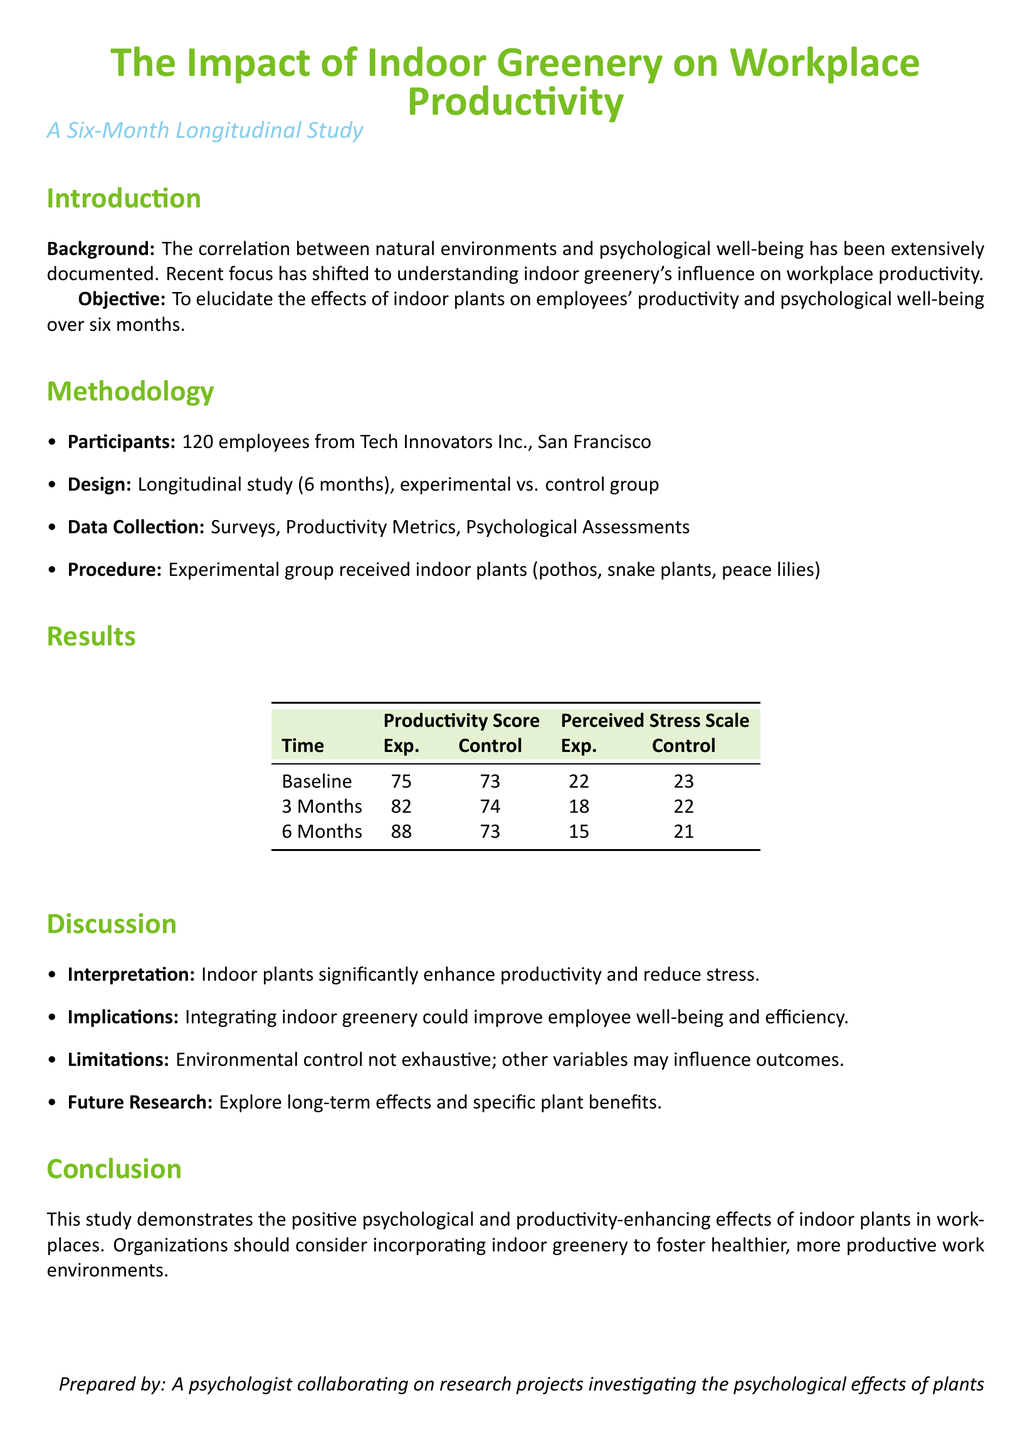What is the sample size of the study? The sample size is provided in the methodology section of the document as 120 employees.
Answer: 120 employees What types of indoor plants were used in the experimental group? The experimental group received specific types of plants, as mentioned in the methodology section.
Answer: Pothos, snake plants, peace lilies What was the productivity score for the experimental group at the 6-month mark? The productivity score for the experimental group at the 6-month mark is listed in the results table.
Answer: 88 What was the perceived stress score for the control group at baseline? The perceived stress score for the control group is found in the results table under baseline.
Answer: 23 What is one implication of integrating indoor greenery mentioned in the discussion? The implications of integrating indoor greenery are summarized in the discussion section.
Answer: Improve employee well-being What was the perceived stress score for the experimental group after 3 months? The stress score for the experimental group at the 3-month interval is specified in the results.
Answer: 18 What was the focus of the study? The focus is described in the objective section regarding the effects of indoor plants.
Answer: Effects of indoor plants on employees' productivity What type of study design was used in this research? The design type is explained in the methodology section of the document.
Answer: Longitudinal study What does the study recommend for organizations? The conclusion provides recommendations for organizations regarding workplace environments.
Answer: Incorporating indoor greenery 
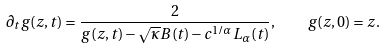<formula> <loc_0><loc_0><loc_500><loc_500>\partial _ { t } g ( z , t ) = \frac { 2 } { g ( z , t ) - \sqrt { \kappa } B ( t ) - c ^ { 1 / \alpha } L _ { \alpha } ( t ) } , \quad g ( z , 0 ) = z .</formula> 
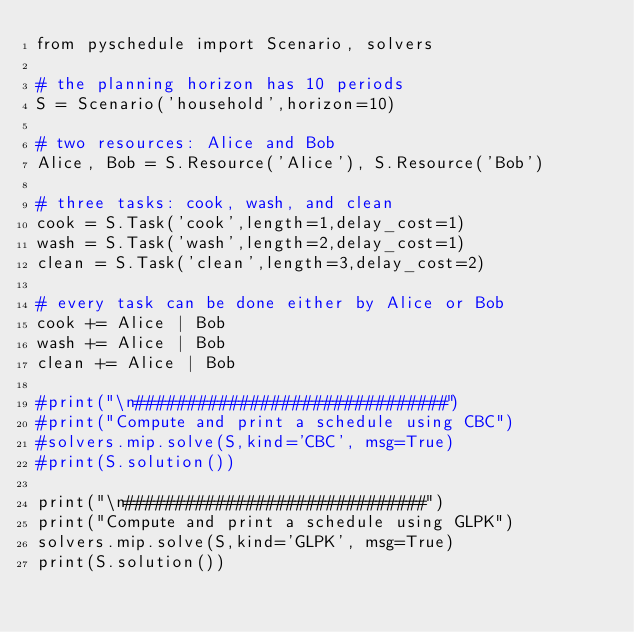<code> <loc_0><loc_0><loc_500><loc_500><_Python_>from pyschedule import Scenario, solvers

# the planning horizon has 10 periods
S = Scenario('household',horizon=10)

# two resources: Alice and Bob
Alice, Bob = S.Resource('Alice'), S.Resource('Bob')

# three tasks: cook, wash, and clean
cook = S.Task('cook',length=1,delay_cost=1)
wash = S.Task('wash',length=2,delay_cost=1)
clean = S.Task('clean',length=3,delay_cost=2)

# every task can be done either by Alice or Bob
cook += Alice | Bob
wash += Alice | Bob
clean += Alice | Bob

#print("\n##############################")
#print("Compute and print a schedule using CBC")
#solvers.mip.solve(S,kind='CBC', msg=True)
#print(S.solution())

print("\n##############################")
print("Compute and print a schedule using GLPK")
solvers.mip.solve(S,kind='GLPK', msg=True)
print(S.solution())
</code> 
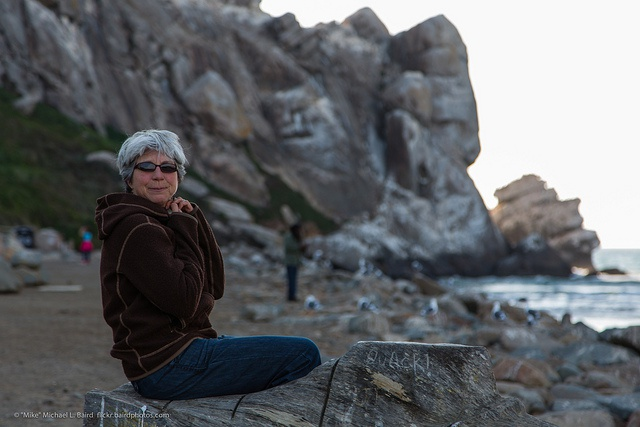Describe the objects in this image and their specific colors. I can see people in gray, black, maroon, and navy tones, people in gray, black, and purple tones, people in gray, black, purple, and blue tones, bird in gray and black tones, and bird in gray and darkgray tones in this image. 
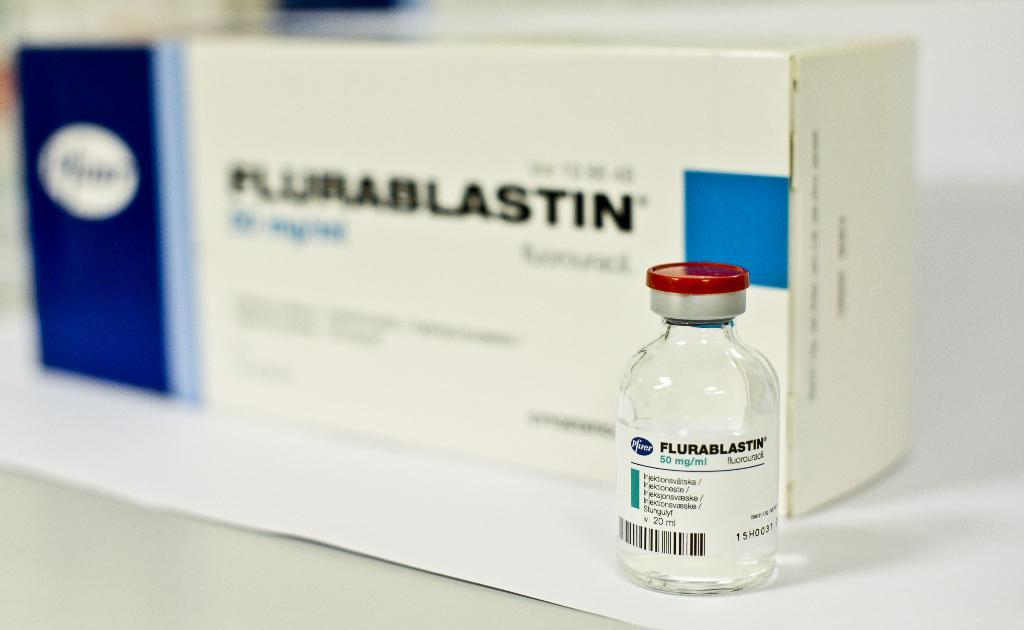<image>
Summarize the visual content of the image. Flurablastin medication of 50 mg, which says: Fluorouracil. 
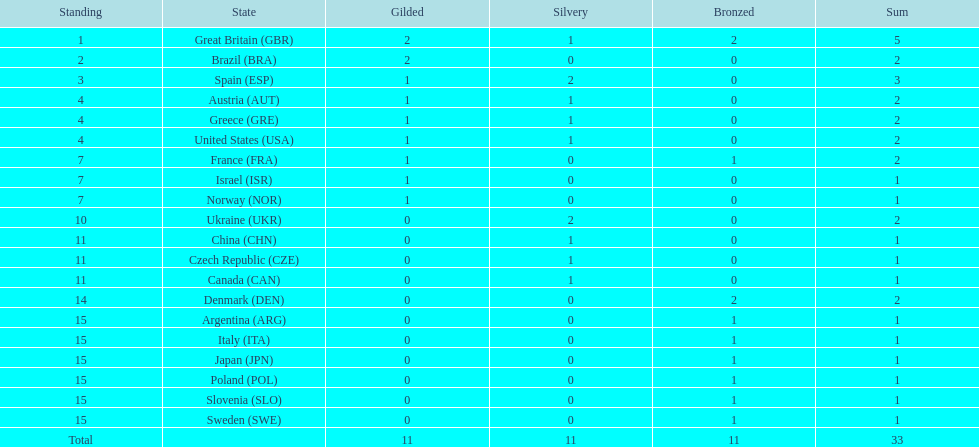What was the number of silver medals won by ukraine? 2. 
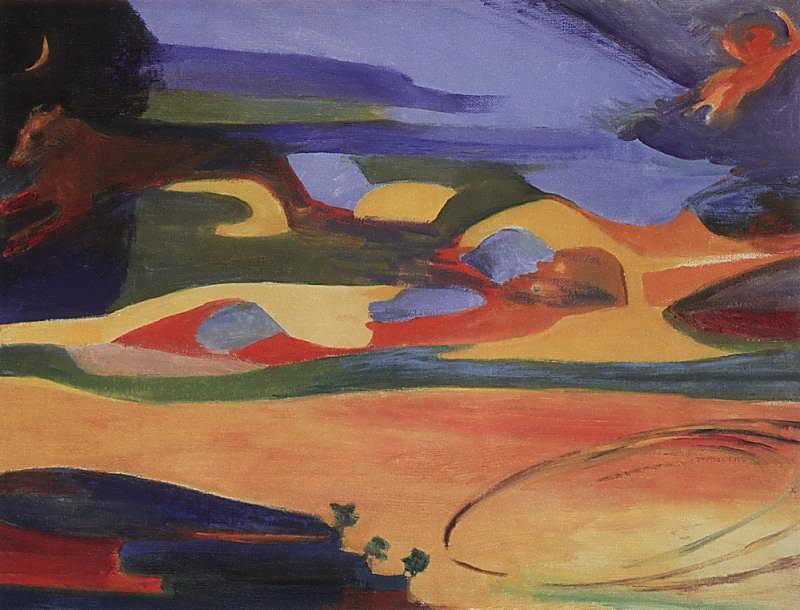Is there a story behind this painting? The painting seems to weave a tale of nature and its myriad forms, with rolling hills and serene bodies of water under a vibrant sky. The hues blend together to create an almost mythical landscape, inviting viewers to immerse themselves in its abstract beauty. The presence of what appears to be a leaping animal in the top left corner adds a dynamic element to the scene, suggesting movement and perhaps a hidden narrative about the natural world's vitality. What emotions do you think the artist wanted to convey? The artist likely intended to evoke a sense of wonder and tranquility. The harmonious blend of colors, along with the fluidity of the brushstrokes, suggests a serene landscape that inspires contemplation. The choice of vivid colors might also indicate an underlying enthusiasm and reverence for nature. Can you describe what you think the animals or figures in the painting represent? The leaping animal in the top left corner could symbolize freedom and the unrestrained energy of the natural world. Its ethereal form blends seamlessly with the abstract background, suggesting that despite the chaotic beauty of nature, everything is interconnected. The faint figures in the sky could be interpreted as spirits or guardians of the landscape, adding a mystical dimension to the painting.

▶ _Brief_: Where a line of the data contains "wash", copy that line.

▶ _Output below_:
# three tasks: cook, wash, and clean
wash = S.Task('wash',length=2,delay_cost=1)
wash += Alice | Bob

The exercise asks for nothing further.